We have to augment the power of our deduction system. We have to find a formal tool that can grasps the problem. Your questions leads to extensionality, and I think, declaring extensionality needs that we can pose propositions that hold for *****arbitrary***** instances. That's why I think we must allow free variables inside our object language. I conjecture that the following additional rule of inference will do the work:
If variable x is not part of terms neither E nor F, and statement (E x) = (F x) is deducible, then E = F is also deducible (Extensionality rule of inference)
The hard thing in this axiom, easily leading to confusion: x is an object variables, fully emancipated and respected parts of our object language, while E and G are metavariables, not parts of the object language, but used only for a concise notation of axiom schemes.
(Remark: More precisely, the extensionality rule of inference should be formalized in a more careful way, introducing a metavariable x over all possible object variables x, y, z..., and also another kind of metavariable E over all possible term instances.
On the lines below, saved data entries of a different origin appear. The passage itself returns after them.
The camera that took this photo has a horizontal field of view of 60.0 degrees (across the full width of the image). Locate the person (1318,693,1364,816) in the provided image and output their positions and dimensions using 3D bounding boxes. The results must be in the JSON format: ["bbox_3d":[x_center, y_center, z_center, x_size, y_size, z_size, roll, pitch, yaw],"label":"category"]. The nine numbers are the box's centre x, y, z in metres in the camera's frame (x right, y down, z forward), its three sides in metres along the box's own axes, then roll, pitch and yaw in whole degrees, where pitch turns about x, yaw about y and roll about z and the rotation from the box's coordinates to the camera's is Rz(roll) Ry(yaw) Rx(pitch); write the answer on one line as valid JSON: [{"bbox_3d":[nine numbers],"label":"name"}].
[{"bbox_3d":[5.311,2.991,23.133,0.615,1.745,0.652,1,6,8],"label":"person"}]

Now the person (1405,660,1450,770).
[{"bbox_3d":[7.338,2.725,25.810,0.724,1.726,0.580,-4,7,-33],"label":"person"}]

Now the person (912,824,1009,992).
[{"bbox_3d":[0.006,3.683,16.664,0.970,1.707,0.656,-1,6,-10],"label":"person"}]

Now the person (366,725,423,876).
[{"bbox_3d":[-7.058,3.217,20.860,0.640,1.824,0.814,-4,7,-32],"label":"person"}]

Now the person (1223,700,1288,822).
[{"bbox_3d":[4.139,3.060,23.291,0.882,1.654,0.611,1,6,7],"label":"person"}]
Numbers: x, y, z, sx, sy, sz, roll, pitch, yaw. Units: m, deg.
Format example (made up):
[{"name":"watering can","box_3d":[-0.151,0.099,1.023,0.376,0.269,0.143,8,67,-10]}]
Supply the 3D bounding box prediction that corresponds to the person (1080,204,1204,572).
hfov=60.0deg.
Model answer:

But this distinction among the two kinds of metavariables plus the object variables is not so didactic here, it does not affect Your question too much.)
Proof
Let us prove now the proposition that ``I = S K K''.
Steps for left-hand side:
proposition ``I x = x'' is an instance of I-axiom scheme with instatiation [E := x]
Steps for right-hand side:
Proposition "S K K x = K x (K x)" is an instance of S-axiom scheme with instantiations [E := K, F := K, G := x], thus it is deducible
Proposition "K x (K x) = x" is an instance of K-axiom scheme with instantiations [E := x, F := K x], thus it is deducible
Transitivity of equality:
Statement "S K K x = K x (K x)" matches the first premise of transitivity rule of inference, and statement "K x (K x) = x" matches the second premise of this rule of inference. The instantiations are [E := S K K x, F := K x (K x), G = x]. Thus the conclusion holds too: E = G. Rewriting the conclusion with the same instantiations, we get statement "S K K x = x", thus, this is deducible.
Symmetry of equality:
Using "S K K x = x", we can infer "x = S K K x"
Transitivity of equality:
Using "I x = x" and "x = S K K x", we can infer "I x = S K K x"
Now we have paved the way for the crucial point:
Proposition "I x = S K K x" matches with the first premise of Extension rule of inference: (E x) = (F x), with instantiations [E := I, F := S K K]. Thus the conclusion must also hold, that is, "E = F" with the same instantiations ([E := I, F := S K K]), yielding proposition "I = S K K", quod erat demonstrandum.
Csörnyei, Zoltán (2007): Lambda-kalkulus. A funkcionális programozás alapjai. Budapest: Typotex. ISBN-978-963-9664-46-3.
You don't need to define I as an axiom. Start with the following:
I.x = x
K.x y = x
S.x y z = x z (y z)
Since SKanything = anything, then SKanything is an identity function, just like I.
So, I = SKK and I = SKS. No need to define I as an axiom, you can define it as syntax sugar which aliases SKK.
The definitions of S and K are you only axioms.
The usual axioms are complete for beta equality, but do not give eta equality. Curry found a set of about thirty axioms to the usual ones to get completeness for beta-eta equality. They're listed in Hindley & Seldin's Introduction to combinators and lambda-calculus.
Roger Hindley, Curry's Last Problem, lists some additional desiderata we might want from mappings between the lambda calculus and notes that we don't have mappings that satisfy all of them. You likely won't care much about all of the criteria.